Their second attempt was to reconstruct with only probe timestamps. The reconstruction matches ground truths well and the average reconstruction error is 5.2 KB, which is 3-4 MTU-sized packets.

Lasso solver is iterative, which means it takes time to solve the problem in a large network. They used a Neural Network to speed up the speed of the Lasso. Initially, we use Lasso to do the reconstruction, so as the probe timestamps come in, we feed the probe timestamps to both Lasso & the neural network, and then we can use the output of Lasso recon result to train the NN. After we have trained the NN, when new probe timestamps come in, we can then use the NN output as a recon result. NN is much faster than Lasso since it can be sped up by GPUs. NN gives us 5k-10k times the speedup without losing much accuracy.

We want to find:

link utilizations
whose packets are in the queues?
whose packets are using the links?

Now they use data packet timestamps too. Now we know the queueing delays for queues in the network. If we know the tx timestamp of a data packet, we can simulate this data packet and know where this packet is at any point of time. If we do this for every data packet, we have a full-on reconstruction of the queueing dynamics in the network. This is costly because it is a per-packet operation. In reality, we only need to use the byte counts per flow to do this reconstruction.
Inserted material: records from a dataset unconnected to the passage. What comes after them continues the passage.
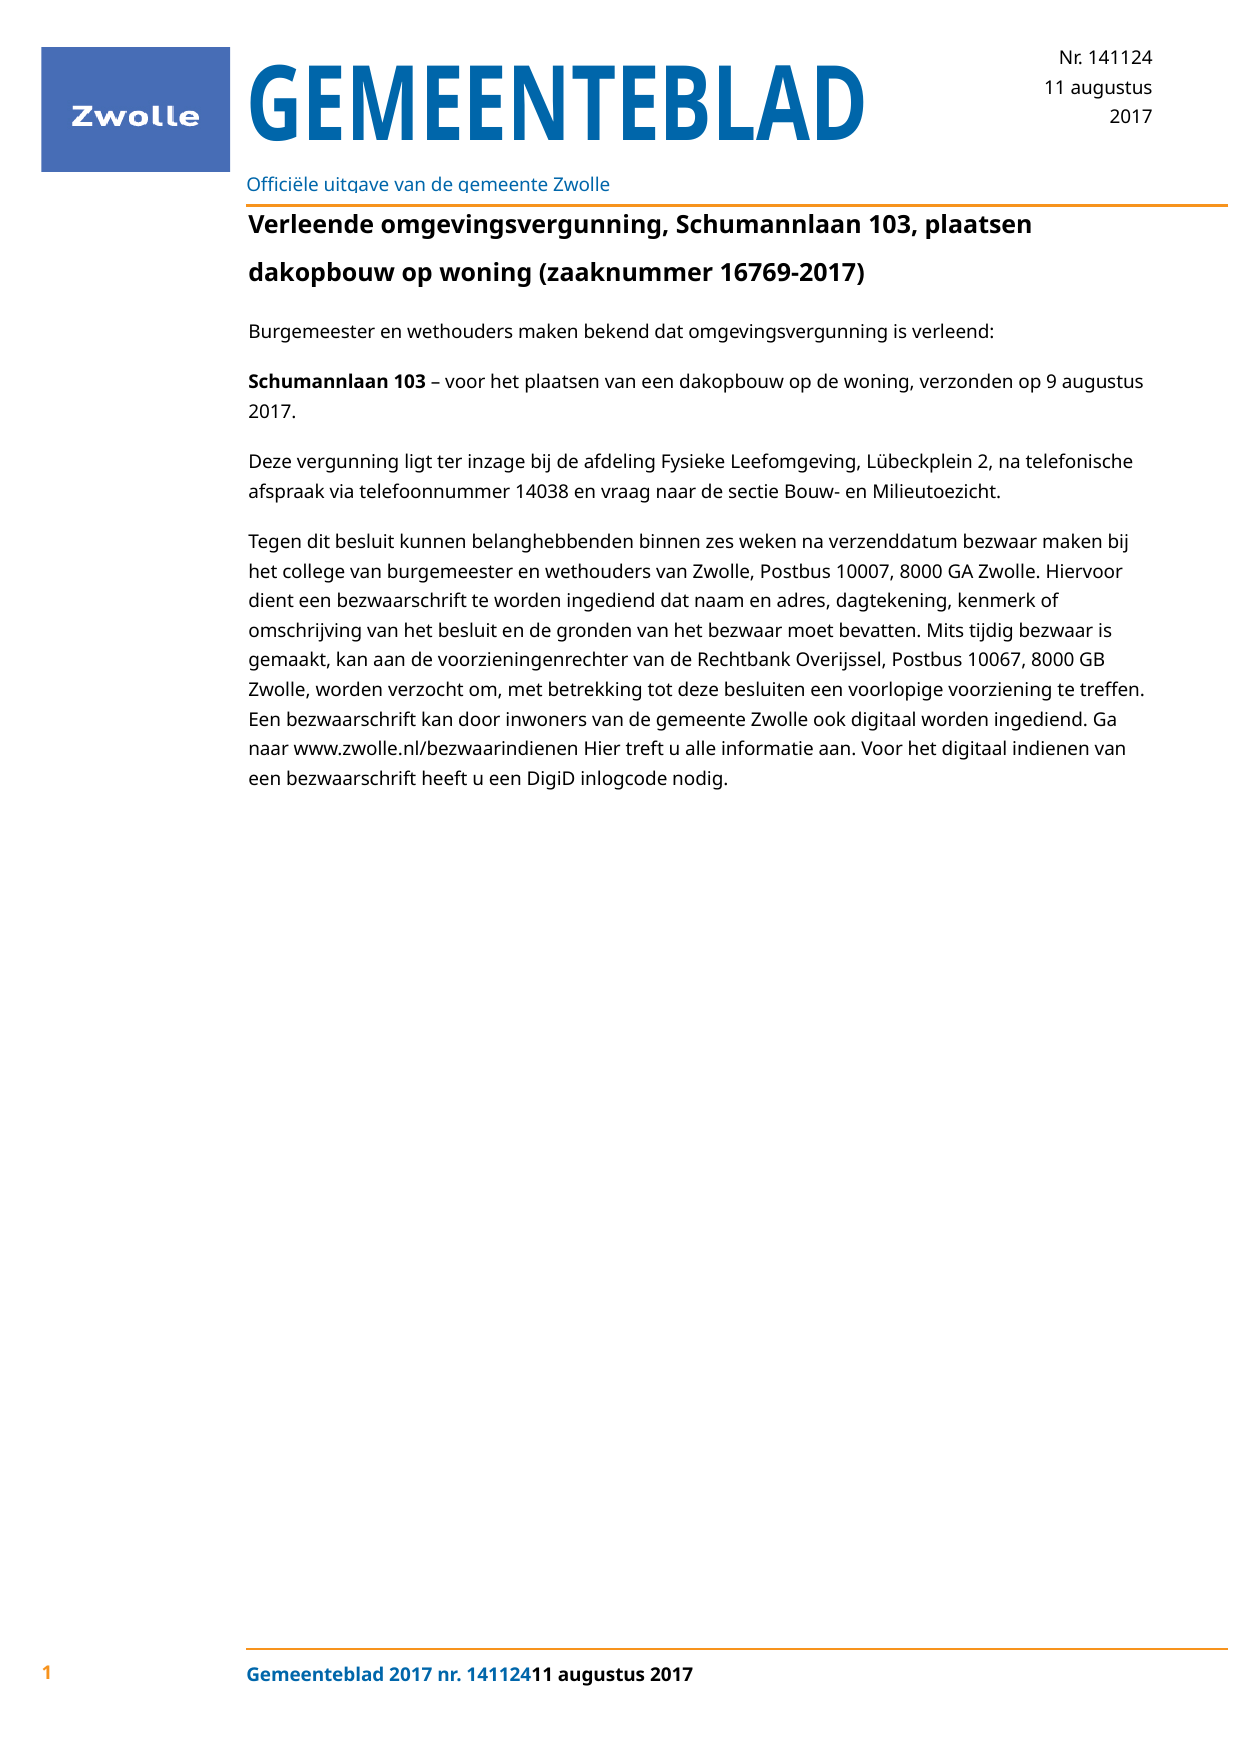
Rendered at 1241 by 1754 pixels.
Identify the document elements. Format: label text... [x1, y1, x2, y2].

text Tegen dit besluit kunnen belanghebbenden binnen zes weken na verzenddatum bezwaar maken bij het college van burgemeester en wethouders van Zwolle, Postbus 10007, 8000 GA Zwolle. Hiervoor dient een bezwaarschrift te worden ingediend dat naam en adres, dagtekening, kenmerk of omschrijving van het besluit en de gronden van het bezwaar moet bevatten. Mits tijdig bezwaar is gemaakt, kan aan de voorzieningenrechter van de Rechtbank Overijssel, Postbus 10067, 8000 GB Zwolle, worden verzocht om, met betrekking tot deze besluiten een voorlopige voorziening te treffen. Een bezwaarschrift kan door inwoners van de gemeente Zwolle ook digitaal worden ingediend. Ga naar www.zwolle.nl/bezwaarindienen Hier treft u alle informatie aan. Voor het digitaal indienen van een bezwaarschrift heeft u een DigiD inlogcode nodig. [248, 528, 1152, 791]
text Burgemeester en wethouders maken bekend dat omgevingsvergunning is verleend: [248, 318, 1152, 344]
text Schumannlaan 103 – voor het plaatsen van een dakopbouw op de woning, verzonden op 9 augustus 2017. [248, 368, 1152, 424]
text Deze vergunning ligt ter inzage bij de afdeling Fysieke Leefomgeving, Lübeckplein 2, na telefonische afspraak via telefoonnummer 14038 en vraag naar de sectie Bouw- en Milieutoezicht. [248, 448, 1152, 504]
picture [41, 47, 231, 172]
text Verleende omgevingsvergunning, Schumannlaan 103, plaatsen dakopbouw op woning (zaaknummer 16769-2017) [248, 207, 1152, 288]
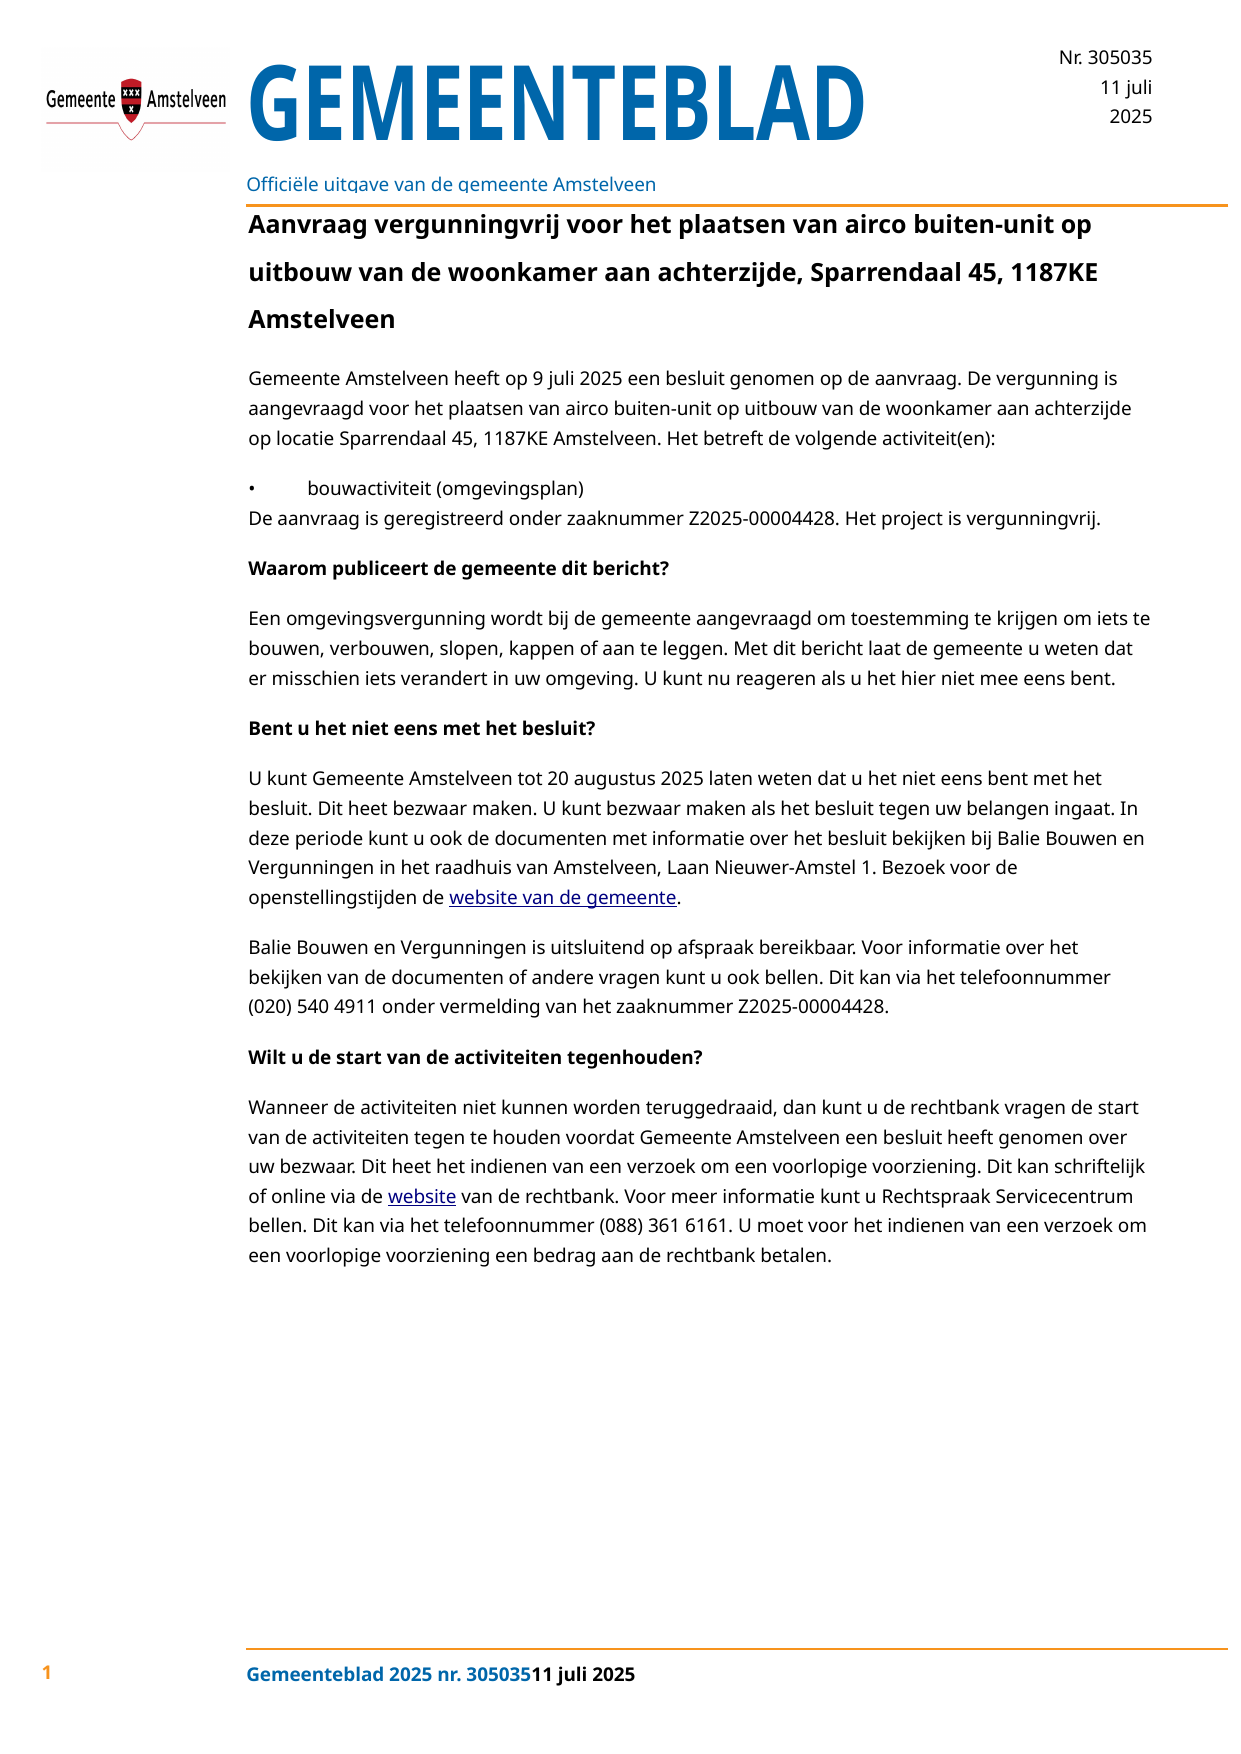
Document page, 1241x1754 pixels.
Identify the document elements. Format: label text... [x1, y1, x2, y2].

text Wanneer de activiteiten niet kunnen worden teruggedraaid, dan kunt u de rechtbank vragen de start van de activiteiten tegen te houden voordat Gemeente Amstelveen een besluit heeft genomen over uw bezwaar. Dit heet het indienen van een verzoek om een voorlopige voorziening. Dit kan schriftelijk of online via de website van de rechtbank. Voor meer informatie kunt u Rechtspraak Servicecentrum bellen. Dit kan via het telefoonnummer (088) 361 6161. U moet voor het indienen van een verzoek om een voorlopige voorziening een bedrag aan de rechtbank betalen. [248, 1094, 1152, 1268]
text U kunt Gemeente Amstelveen tot 20 augustus 2025 laten weten dat u het niet eens bent met het besluit. Dit heet bezwaar maken. U kunt bezwaar maken als het besluit tegen uw belangen ingaat. In deze periode kunt u ook de documenten met informatie over het besluit bekijken bij Balie Bouwen en Vergunningen in het raadhuis van Amstelveen, Laan Nieuwer-Amstel 1. Bezoek voor de openstellingstijden de website van de gemeente. [248, 766, 1152, 909]
picture [41, 47, 231, 172]
text Bent u het niet eens met het besluit? [248, 715, 1152, 741]
text Balie Bouwen en Vergunningen is uitsluitend op afspraak bereikbaar. Voor informatie over het bekijken van de documenten of andere vragen kunt u ook bellen. Dit kan via het telefoonnummer (020) 540 4911 onder vermelding van het zaaknummer Z2025-00004428. [248, 934, 1152, 1019]
text De aanvraag is geregistreerd onder zaaknummer Z2025-00004428. Het project is vergunningvrij. [248, 505, 1152, 530]
text Een omgevingsvergunning wordt bij de gemeente aangevraagd om toestemming te krijgen om iets te bouwen, verbouwen, slopen, kappen of aan te leggen. Met dit bericht laat de gemeente u weten dat er misschien iets verandert in uw omgeving. U kunt nu reageren als u het hier niet mee eens bent. [248, 606, 1152, 690]
text Gemeente Amstelveen heeft op 9 juli 2025 een besluit genomen op de aanvraag. De vergunning is aangevraagd voor het plaatsen van airco buiten-unit op uitbouw van de woonkamer aan achterzijde op locatie Sparrendaal 45, 1187KE Amstelveen. Het betreft de volgende activiteit(en): [248, 366, 1152, 450]
text Wilt u de start van de activiteiten tegenhouden? [248, 1044, 1152, 1069]
text Aanvraag vergunningvrij voor het plaatsen van airco buiten-unit op uitbouw van de woonkamer aan achterzijde, Sparrendaal 45, 1187KE Amstelveen [248, 207, 1152, 336]
list bouwactiviteit (omgevingsplan) [248, 475, 1152, 501]
text Waarom publiceert de gemeente dit bericht? [248, 555, 1152, 581]

Reconstruction is accurate to a couple of MTU sized packets. They also found that reconstruction of the link utilizations has RMSE within 1%.

They have deployed and tested this algorithm in Google Jupiter 40G testbed with 20 racks and 3-layer network and also much larger network with 10G & 40G links, access to 12 out of 100s of racks & a 5-layer network. At Stanford, they used a testbed with 1G links, 128 servers and 2-layer network. They used NetFPGAs for verification, to get queueing delay ground truths from the network: the idea is that we use 1 FPGA as two timestampers: a packet will first go to the FPGA, take a timestamp of it, then the packet will go into the switch and come out of the switch and go into the FPGA again for a second timestamp. Using the two timestamps, we can know the ground truth queueing delay. They used 2 FPGA and got ground truths for 4 different queues in the testbed. They show that the Lasso recon matches the ground truth very well. In the other testbeds, they use a cross-validation scheme to verify that their algorithm is giving the correct results.

Strengths

Simon employed several techniques to simultaneously achieve precise reconstruction & scalability. The work uses probe mesh, which has a very low bandwidth overhead (0.1% of bandwidth with 64B probes). Using probe packets, they reconstruct the queue length in a network & then use data packets timestamps, they decompose the queues & link utilizations on a per-flow basis. Finally, they verified the system using NetFPGAs and cross-validation.
Current edge-based methods obtain only a partial view of the network state and some may require non-trivial assistance from switches. This is the first application of network tomography to gata centers and for obtaining a near-exact reconstruction.
The work stressed on practicability alongside accuracy & speed of Simon. They used a testbed with low-cost switches and 1G network. They also discuss pragmatic experience gained from these deployments. Simon makes minimal assumptions about the network.

Future Work

In the work they implemented the Lasso version of Simon for Linux. Hierarchical reconstruction & neural networks are planned to be implemented for production environment in the future.
One could investigate into schemes for path selection during probing (in the probe mesh) to efficiently cover the DCN’s links more evenly or unevenly, depending on some objective, with an adequate number of probes passing through each link per unit time to enable a good reconstruction of the link.